The O(n) Club: Increasing Order Search Tree—When Your BST Just Wants to Be a Queue
⚡ TL;DR
If your BST refuses to queue up nicely, tell it: in-order traversal is your friend. Snip left pointers, daisy-chain on the right, and embrace single-file minimalism. Fastest Java fix?
// In-order and right-link transformation TreeNode prev = new TreeNode(-1); TreeNode dummy = prev; inOrder(root); return dummy.right; void inOrder(TreeNode node) { if (node == null) return; inOrder(node.left); prev.right = node; node.left = null; prev = node; inOrder(node.right); }
🧠 How Devs Usually Mess This Up
Some classics from the “how did I end up with a forest instead of a straight tree?” department:
- Collection obsession: Grab every value in a list, then burn and rebuild the tree from scratch. Way to double (or triple) your memory bill for zero interviewer points!
- Re-inventing TreeNodes: Nothing says “I missed the point” like needlessly allocating new nodes when you could just re-thread the old ones.
- BST blind spot: Thinking any tree will behave—in a non-BST, in-order means pure chaos, not sorted order.
- Left-pointer laziness: Forgetting to sever .left dooms you to infinite loops or memory leaks. Enjoy that debugging spiral.
🔍 What’s Actually Going On
Picture your BST like cats at feeding time. You want them to line up, smallest first, each patiently tapping the right shoulder of the next. That’s in-order traversal: left (smallest), root (medium), right (largest).
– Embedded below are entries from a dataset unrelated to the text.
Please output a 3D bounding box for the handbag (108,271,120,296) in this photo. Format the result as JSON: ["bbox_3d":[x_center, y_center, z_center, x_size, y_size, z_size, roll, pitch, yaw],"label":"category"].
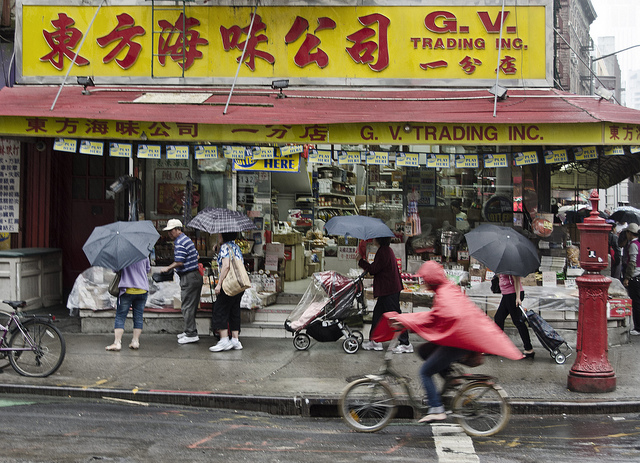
[{"bbox_3d":[-4.061,1.031,17.524,0.206,0.429,0.197,-2,0,-13],"label":"handbag"}]

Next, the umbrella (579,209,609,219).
[{"bbox_3d":[7.050,-0.454,22.959,0.667,0.209,0.462,0,0,12],"label":"umbrella"}]

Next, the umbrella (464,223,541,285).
[{"bbox_3d":[3.469,0.296,16.886,1.042,1.047,0.680,12,-46,-19],"label":"umbrella"}]

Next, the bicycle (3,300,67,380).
[{"bbox_3d":[-5.239,1.966,16.236,1.143,1.241,0.779,-2,0,-6],"label":"bicycle"}]

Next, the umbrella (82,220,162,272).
[{"bbox_3d":[-3.888,0.276,17.341,1.397,0.865,0.670,-2,0,-15],"label":"umbrella"}]
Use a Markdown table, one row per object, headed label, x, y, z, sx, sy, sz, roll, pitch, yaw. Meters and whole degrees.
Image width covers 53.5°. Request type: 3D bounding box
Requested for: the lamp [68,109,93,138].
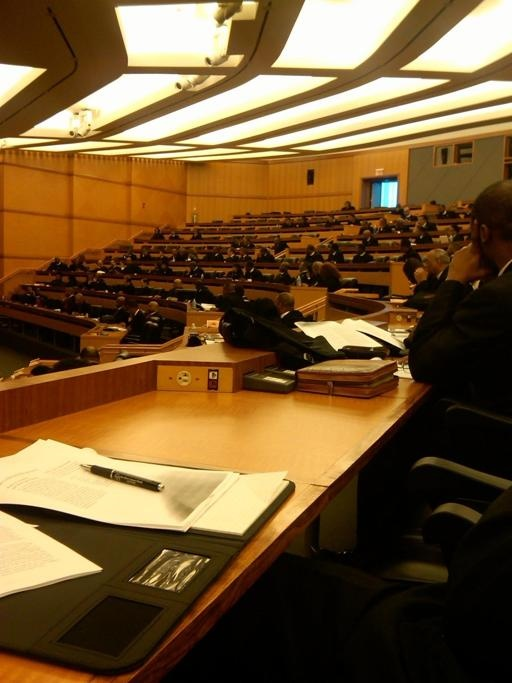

At each stop, you assign the next spot to the right, snip the left to avoid feline rebellion, and repeat until everyone’s purring in order.
🛠️ PseudoCode
- Start with a Dummy Node:
TreeNode dummy = new TreeNode(-1);– this one just handles introductions. - Track the Tail:
TreeNode prev = dummy;– think of prev as your end-of-line monitor. - Traverse In-Order:
inOrder(root);– visit everyone from smallest left to biggest right. - At Each Visit:
- Chain prev.right to node
- Nullify node.left to avoid backwards chaos
- Hop prev up to the new node
prev.right = node; node.left = null; prev = node; - Return dummy.right after traversal—it’s your new queue leader.
💻 The Code
// Definition for a binary tree node.
class TreeNode {
int val;
TreeNode left;
TreeNode right;
TreeNode(int x) { val = x; }
}
class Solution {
private TreeNode prev;
public TreeNode increasingBST(TreeNode root) {
TreeNode dummy = new TreeNode(-1);
prev = dummy;
inOrder(root);
return dummy.right;
}
private void inOrder(TreeNode node) {
if (node == null) return;
inOrder(node.left);
prev.right = node;
node.left = null;
prev = node;
inOrder(node.right);
}
}
⚠️ Pitfalls, Traps & Runtime Smacks
- Left pointer neglect: Miss one
node.left = null, and the next thing you debug is your own patience. - BST imposters: This strategy falls apart for trees that aren’t BSTs—in-order may look like the sorting hat had a meltdown.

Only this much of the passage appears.